We are delighted to announce the general availability of Microsoft Azure support for Darktrace / CLOUD, enabling real-time cloud detection and response across dynamic multi-cloud environments. Built on Self-Learning AI, Darktrace / CLOUD leverages Microsoft’s new virtual network flow logs (VNet flow) to offer an agentless-first approach that dramatically simplifies detection and response within Azure, unifying cloud-native security with Darktrace’s innovative ActiveAI Security Platform.

As organizations increasingly adopt multi-cloud architectures, the need for advanced, real-time threat detection and response is critical to keep pace with evolving cloud threats. Security teams face significant challenges, including increased complexity, limited visibility, and siloed tools. The dynamic nature of multi-cloud environments introduces ever-changing blind spots, while traditional security tools struggle to provide real-time insights, often offering static snapshots of risk. Additionally, cloud security teams frequently operate in isolation from SOC teams, leading to fragmented visibility and delayed responses. This lack of coordination, especially in hybrid environments, hinders effective threat detection and response. Compounding these challenges, current security solutions are split between agent-based and agentless approaches, with agentless solutions often lacking real-time awareness and agent-based options adding complexity and scalability concerns. Darktrace / CLOUD helps to solve these challenges with real-time detection and response designed specifically for dynamic cloud environments like Azure and AWS.

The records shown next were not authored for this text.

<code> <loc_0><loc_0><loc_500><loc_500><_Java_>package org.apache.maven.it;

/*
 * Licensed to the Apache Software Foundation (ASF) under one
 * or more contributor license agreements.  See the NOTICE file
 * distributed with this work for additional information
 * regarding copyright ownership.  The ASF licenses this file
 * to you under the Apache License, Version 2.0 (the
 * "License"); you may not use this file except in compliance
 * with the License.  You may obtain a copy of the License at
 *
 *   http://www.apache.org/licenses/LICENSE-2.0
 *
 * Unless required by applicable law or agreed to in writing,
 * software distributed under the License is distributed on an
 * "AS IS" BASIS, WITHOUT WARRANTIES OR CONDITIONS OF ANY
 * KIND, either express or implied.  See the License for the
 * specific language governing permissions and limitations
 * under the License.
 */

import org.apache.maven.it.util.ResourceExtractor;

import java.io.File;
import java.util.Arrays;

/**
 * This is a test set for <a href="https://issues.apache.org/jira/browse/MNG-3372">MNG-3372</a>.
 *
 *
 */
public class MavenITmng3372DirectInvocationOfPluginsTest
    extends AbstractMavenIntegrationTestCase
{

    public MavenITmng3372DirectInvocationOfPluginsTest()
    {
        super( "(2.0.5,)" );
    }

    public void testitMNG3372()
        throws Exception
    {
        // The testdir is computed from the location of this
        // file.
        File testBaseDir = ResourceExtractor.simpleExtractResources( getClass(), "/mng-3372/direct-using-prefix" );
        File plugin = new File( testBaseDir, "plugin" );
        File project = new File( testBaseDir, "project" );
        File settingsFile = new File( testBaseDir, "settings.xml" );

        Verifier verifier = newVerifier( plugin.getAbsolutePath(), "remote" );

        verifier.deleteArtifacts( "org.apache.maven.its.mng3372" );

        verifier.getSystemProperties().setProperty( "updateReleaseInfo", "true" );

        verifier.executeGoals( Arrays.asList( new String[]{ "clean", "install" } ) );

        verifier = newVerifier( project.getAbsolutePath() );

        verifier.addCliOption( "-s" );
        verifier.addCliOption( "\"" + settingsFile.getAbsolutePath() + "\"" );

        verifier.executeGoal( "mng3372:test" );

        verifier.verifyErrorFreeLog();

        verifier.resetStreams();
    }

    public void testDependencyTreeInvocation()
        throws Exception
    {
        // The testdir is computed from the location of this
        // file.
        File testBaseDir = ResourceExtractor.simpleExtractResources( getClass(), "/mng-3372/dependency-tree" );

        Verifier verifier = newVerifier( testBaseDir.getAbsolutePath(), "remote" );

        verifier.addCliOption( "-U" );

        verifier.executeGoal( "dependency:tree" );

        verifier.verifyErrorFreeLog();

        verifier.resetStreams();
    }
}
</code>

Pioneering AI-led real-time cloud detection & response

Darktrace has been at the forefront of real-time detection and response for over a decade, continually pushing the boundaries of AI-driven cybersecurity. Our Self-Learning AI uniquely positions Darktrace with the ability to automatically understand and instantly adapt to changing cloud environments. This is critical in today’s landscape, where cloud infrastructures are highly dynamic and ever-changing.  

Built on years of market-leading network visibility, Darktrace / CLOUD understands ‘normal’ for your unique business across clouds and networks to instantly reveal known, unknown, and novel cloud threats with confidence. Darktrace Self-Learning AI continuously monitors activity across cloud assets, containers, and users, and correlates it with detailed identity and network context to rapidly detect malicious activity. Platform-native identity and network monitoring capabilities allow Darktrace / CLOUD to deeply understand normal patterns of life for every user and device, enabling instant, precise and proportionate response to abnormal behavior - without business disruption.

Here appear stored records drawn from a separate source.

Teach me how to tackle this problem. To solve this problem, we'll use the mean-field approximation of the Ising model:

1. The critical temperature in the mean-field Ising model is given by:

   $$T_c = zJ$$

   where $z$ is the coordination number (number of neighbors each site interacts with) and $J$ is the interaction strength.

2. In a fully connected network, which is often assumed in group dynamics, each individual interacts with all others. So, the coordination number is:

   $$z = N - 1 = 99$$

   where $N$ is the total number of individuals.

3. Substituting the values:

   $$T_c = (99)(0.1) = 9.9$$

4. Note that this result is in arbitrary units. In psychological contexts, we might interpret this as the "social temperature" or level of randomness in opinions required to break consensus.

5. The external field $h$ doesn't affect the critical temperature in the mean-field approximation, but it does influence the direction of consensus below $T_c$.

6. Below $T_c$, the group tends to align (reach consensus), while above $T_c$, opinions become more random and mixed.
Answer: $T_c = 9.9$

Leveraging platform-native Autonomous Response, AI-driven behavioral containment neutralizes malicious activity with surgical accuracy while preventing disruption to cloud infrastructure or services. As malicious behavior escalates, Darktrace correlates thousands of data points to identify and instantly respond to unusual activity by blocking specific connections and enforcing normal behavior.

Figure 1: AI-driven behavioral containment neutralizes malicious activity with surgical accuracy while preventing disruption to cloud infrastructure or services.

Unparalleled agentless visibility into Azure

As a long-term trusted partner of Microsoft, Darktrace leverages Azure VNet flow logs to provide agentless, high-fidelity visibility into cloud environments, ensuring comprehensive monitoring without disrupting workflows. By integrating seamlessly with Azure, Darktrace / CLOUD continues to push the envelope of innovation in cloud security. Our Self-learning AI not only improves the detection of traditional and novel threats, but also enhances real-time response capabilities and demonstrates our commitment to delivering cutting-edge, AI-powered multi-cloud security solutions.

  • Integration with Microsoft Virtual network flow logs for enhanced visibility
    Darktrace / CLOUD integrates seamlessly with Azure to provide agentless, high-fidelity visibility into cloud environments. VNet flow logs capture critical network traffic data, allowing Darktrace to monitor Azure workloads in real time without disrupting existing workflows. This integration significantly reduces deployment time by 95%1 and cloud security operational costs by up to 80%2 compared to traditional agent-based solutions. Organizations benefit from enhanced visibility across dynamic cloud infrastructures, scaling security measures effortlessly while minimizing blind spots, particularly in ephemeral resources or serverless functions.
  • High-fidelity agentless deployment
    Agentless deployment allows security teams to monitor and secure cloud environments without installing software agents on individual workloads. By using cloud-native APIs like AWS VPC flow logs or Azure VNet flow logs, security teams can quickly deploy and scale security measures across dynamic, multi-cloud environments without the complexity and performance overhead of agents. This approach delivers real-time insights, improving incident detection and response while reducing disruptions. For organizations, agentless visibility simplifies cloud security management, lowers operational costs, and minimizes blind spots, especially in ephemeral resources or serverless functions.
  • Real-time visibility into cloud assets and architectures
    With real-time Cloud Asset Enumeration and Dynamic Architecture Modeling, Darktrace / CLOUD generates up-to-date architecture diagrams, giving SecOps and DevOps teams a unified view of cloud infrastructures. This shared context enhances collaboration and accelerates threat detection and response, especially in complex environments like Kubernetes. Additionally, Cyber AI Analyst automates the investigation process, correlating data across networks, identities, and cloud assets to save security teams valuable time, ensuring continuous protection and efficient cloud migrations.
Figure 2: Real-time visibility into Azure assets and architectures built from network, configuration and identity and access roles.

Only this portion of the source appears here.